Urs Baumann, Präsident der neuen "Heime Auf Berg AG", über die Zukunft der Horte in Seltisberg


Von Peter Knechtli


Nach jahrelangen Turbulenzen in den Kinderheimen "Auf Berg" in Seltisberg soll mit dem Einsatz einer Betriebsgesellschaft jetzt Ruhe einkehren. Präsident Urs Baumann will dabei keine Entlassungen vornehmen, aber den Stellen-Ersatz bei natürlichen Abgängen überprüfen, wie er im Interview mit OnlineReports ankündigt.


OnlineReports: Sie sprechen von einem "Neustart" der "Heime auf Berg". Davon war schon vor zwei Jahren die Rede. Handelt es sich nicht eher um einen Neustart des Neustarts?

Urs Baumann: Dies kann man nicht so sagen, weil damals unter Zeitdruck eine Lösung gefunden werden musste, deren Konsequenzen nicht in jeder Beziehung abgeschätzt werden konnten. Auch bestand ein wesentlicher Druck der Aufsichtsbehörde.

OnlineReports: Aber im Mai 2008 trat doch der damalige Vereinsvorstand von allen operativen Ämtern zugunsten eines neuen, betriebsverantwortlichen Heimausschusses zurück. Diese Lösung taugte offensichtlich nicht.
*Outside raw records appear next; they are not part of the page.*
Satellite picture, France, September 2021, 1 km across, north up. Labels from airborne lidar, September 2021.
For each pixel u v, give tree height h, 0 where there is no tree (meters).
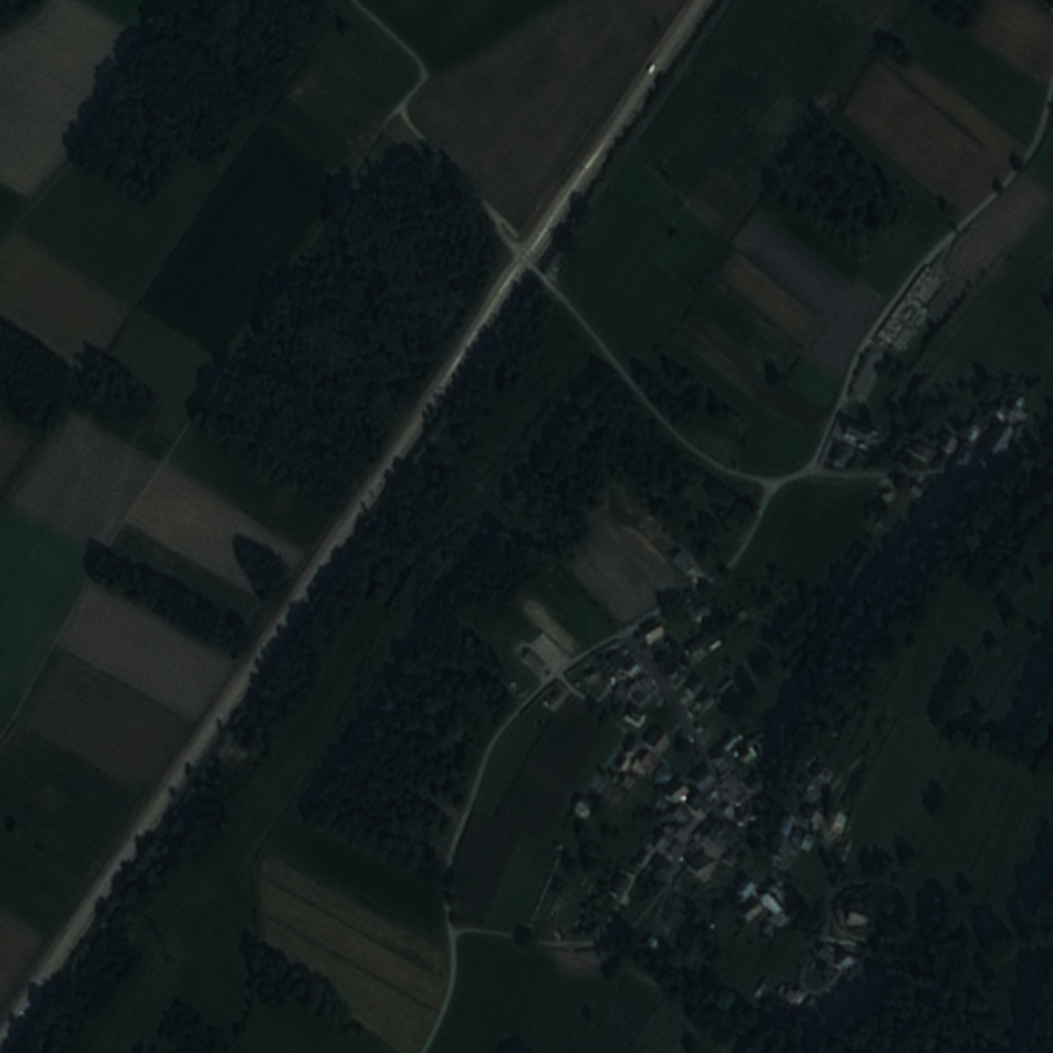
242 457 19
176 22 24
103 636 0
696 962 17
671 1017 0
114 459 0
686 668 10
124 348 0
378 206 26
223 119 25
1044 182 0
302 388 28
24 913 0
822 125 28
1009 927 0
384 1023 0
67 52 0
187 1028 9
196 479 0
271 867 0
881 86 0
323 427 25
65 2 0
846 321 0
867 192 22
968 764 0
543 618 0
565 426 18
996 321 0
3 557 0
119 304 0
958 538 34
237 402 22
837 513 0
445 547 11
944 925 21
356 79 0
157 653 0
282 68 26
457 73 0
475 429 14
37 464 0
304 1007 27
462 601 21
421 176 20
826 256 0
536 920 0
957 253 0
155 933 0
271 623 0
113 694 0
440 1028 0
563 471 23
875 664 29
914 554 20
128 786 0
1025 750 24
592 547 0
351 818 25
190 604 23
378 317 25
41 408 24
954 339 0
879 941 9
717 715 0
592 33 0
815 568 0
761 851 13
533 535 0
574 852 0
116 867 0
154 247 0
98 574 17
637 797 0
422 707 26
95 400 22
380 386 25
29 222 0
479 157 0
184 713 0
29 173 0
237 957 0
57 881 0
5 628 0
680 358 0
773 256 0
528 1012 0
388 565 9
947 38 0
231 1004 0
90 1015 19
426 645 23
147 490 0
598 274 0
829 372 0
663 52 0
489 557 24
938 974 20
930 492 0
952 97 0
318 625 22
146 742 0
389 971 0
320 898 0
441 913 0
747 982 0
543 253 0
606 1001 0
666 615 15
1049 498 22
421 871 24
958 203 0
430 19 0
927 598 24
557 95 0
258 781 0
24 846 0
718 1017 25
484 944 0
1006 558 25
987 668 0
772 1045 25
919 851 0
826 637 25
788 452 0
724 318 0
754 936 0
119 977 8
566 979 0
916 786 0
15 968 0
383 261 38
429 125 0
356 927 0
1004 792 0
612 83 0
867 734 0
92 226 0
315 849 0
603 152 0
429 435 13
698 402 20
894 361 8
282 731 24
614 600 0
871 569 0
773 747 6
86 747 0
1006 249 0
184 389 0
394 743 25
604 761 0
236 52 24
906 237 0
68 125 0
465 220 28
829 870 17
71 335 0
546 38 0
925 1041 25
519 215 0
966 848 0
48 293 0
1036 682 0
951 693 14
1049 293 0
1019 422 0
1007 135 0
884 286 0
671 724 0
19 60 0
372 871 0
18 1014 0
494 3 0
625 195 0
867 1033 29
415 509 24
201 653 0
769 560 0
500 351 25
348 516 0
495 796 0
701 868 0
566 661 0
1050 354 0
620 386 15
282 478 22
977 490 23
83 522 0
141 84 26
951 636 0
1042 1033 22
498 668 23
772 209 0
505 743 0
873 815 0
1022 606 0
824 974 7
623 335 0
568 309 0
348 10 0
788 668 6
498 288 0
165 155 25
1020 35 0
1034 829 0
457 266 24
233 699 0
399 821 11
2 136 0
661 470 13
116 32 0
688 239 0
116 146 19
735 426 11
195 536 0
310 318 24
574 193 0
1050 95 0
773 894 0
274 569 23
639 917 0
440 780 22
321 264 9
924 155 0
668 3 0
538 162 0
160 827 0
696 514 0
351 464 26
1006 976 0
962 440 11
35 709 0
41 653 0

"Der Druck von OnlineReports zwang
den Vorstand kurzfristig zu Massnahmen."




Baumann: Der Vereinsvorstand musste eine Lösung suchen und einen Heimausschuss wählen, welcher vor allem auch den Aufsichtsbehörden entsprach. Ebenfalls war damals auch ein öffentlicher beziehungsweise medienmässiger Druck von OnlineReports, der den Vorstand zwang, innert kurzer Zeit Massnahmen umzusetzen.

OnlineReports: Aber warum kam es nicht dann schon zur heutigen Lösung?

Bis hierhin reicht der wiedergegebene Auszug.